Wednesday, March 26, 2008

Can a woman change her mind?

from w
I was surprised to read the following article in today's Fijiradio news. Why did Tui Labasa change her mind? After a few of the military men visited her and convinced her it would be prudent?
Charter less debatable for Tui LabasaThursday, March 27, 2008

The proposed People’s Charter for Change and Progress has seemingly become a less contentious issue for the district of Labasa after the Marama Na Tui Labasa Adi Salanieta Tuilomaloma changed her mind. Two weeks ago the 77 year old chief refused to support the Charter deciding to back the opposing views of a majority of her clan leaders. But a visit from the military, with the specific purpose of clarifying the charter changed the chief’s perspective.

She also commented on changing views of her clan leaders. “Well I think they have seen the light and they will come in with us. Its so hard to get them to come in but this one case I think, not I think, they are seriously thinking of joining in. Q: So as Tui Labasa you support the proposed Charter?
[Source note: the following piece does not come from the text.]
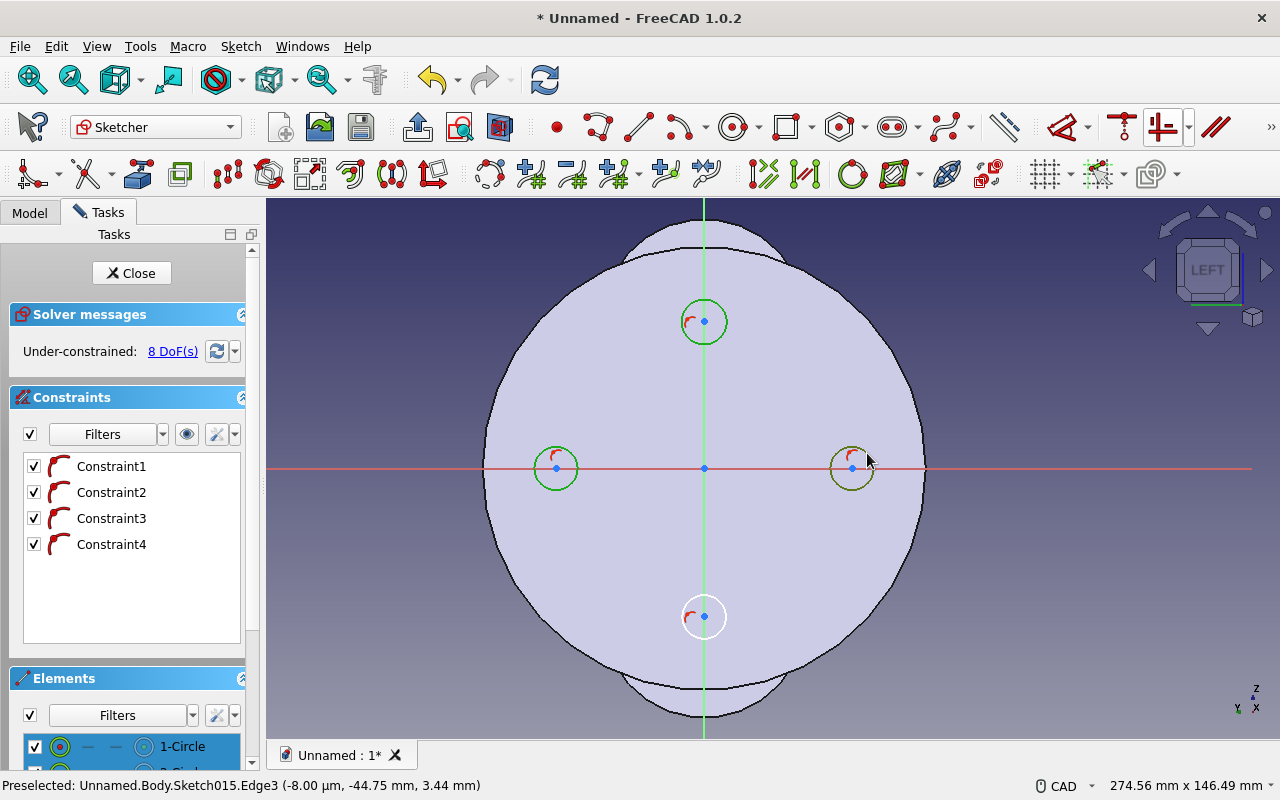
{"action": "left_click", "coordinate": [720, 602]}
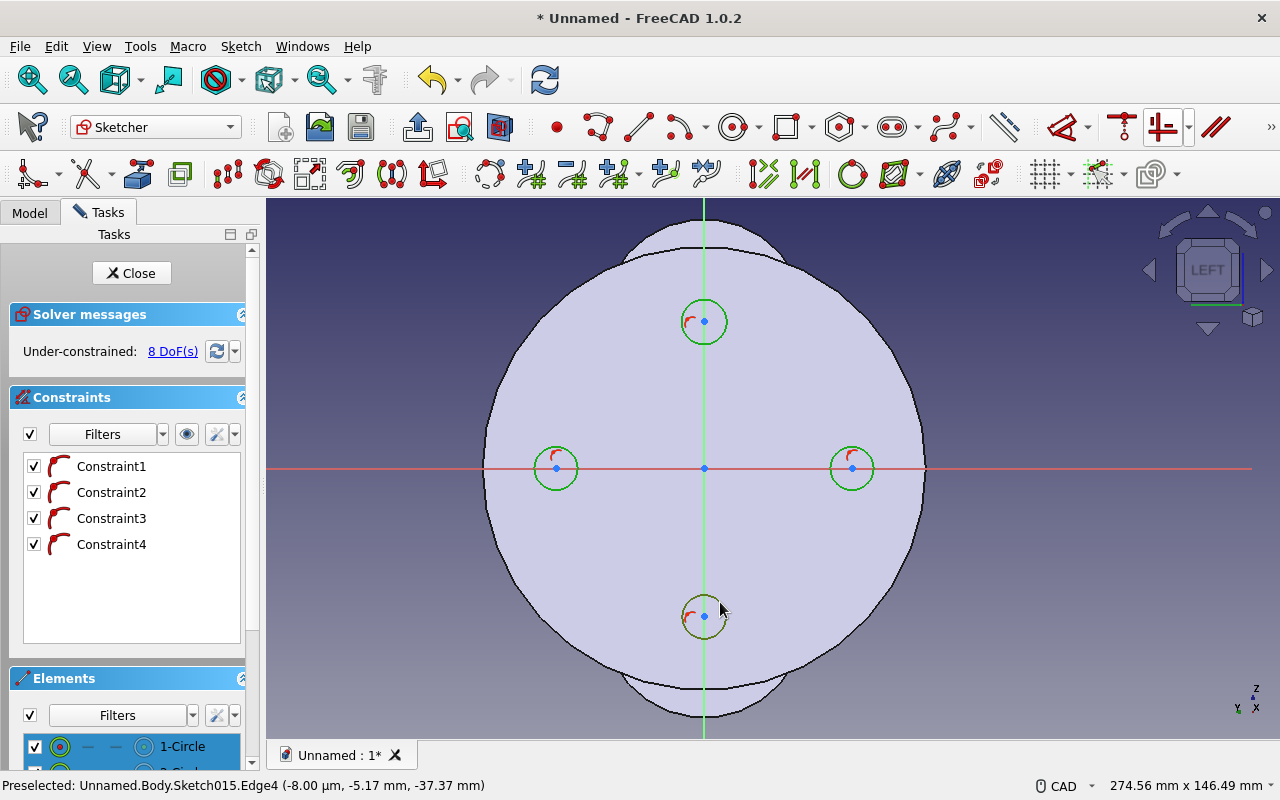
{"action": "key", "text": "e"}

Yes I do very much for Bainimarama and for the good of all.”

Military officers are expected to visit other districts within the province to clarify the charter.
(added later: something also from the Labasa meeting)
Charter won’t replace Fiji’s Constitution
Thursday, March 27, 2008

Taken from / By: Fiji Broadcasting Corporation
The People Charter for Change and Progress will not replace Fiji’s Constitution says the Fiji Military Forces.

Captain Suliasi Gukimaleya of the army’s Civil Affairs Department explained this fact to clan leaders of Labasa who demanded to know if the proposed document would become the country’s supreme law.

Confused clan leaders strongly demanded answers from Captain Suliasi Gukimaleya and his team of soldiers who were part of the Bose Vanua of the district of Labasa on Tuesday.

“The question from district representative Ifereimi Rokomasa Talatu was ‘will the Charter abolish the Constitution?”

The answer from Captain Gukimaleya was ‘No it won’t! It will be inserted into the Constitution.

Captain Gukimaleya settled concerns about the viability of the Constitution when he said the Charter would be inserted in Chapter Two or the Compact Section of the Supreme Law, which will provide a guide for governments to come.

Further questions from the floor were related to the monitoring of the implementation of the charter’s goals.

Captain Gukimaleya explained the Charter was the military’s exit strategy in that after the Charter becomes part of the Constitution, the military will return to camp and won’t monitor the charter any more.

He says monitoring future government’s implementation of the vision of the charter would be the role of the National Council for Building a Better Fiji.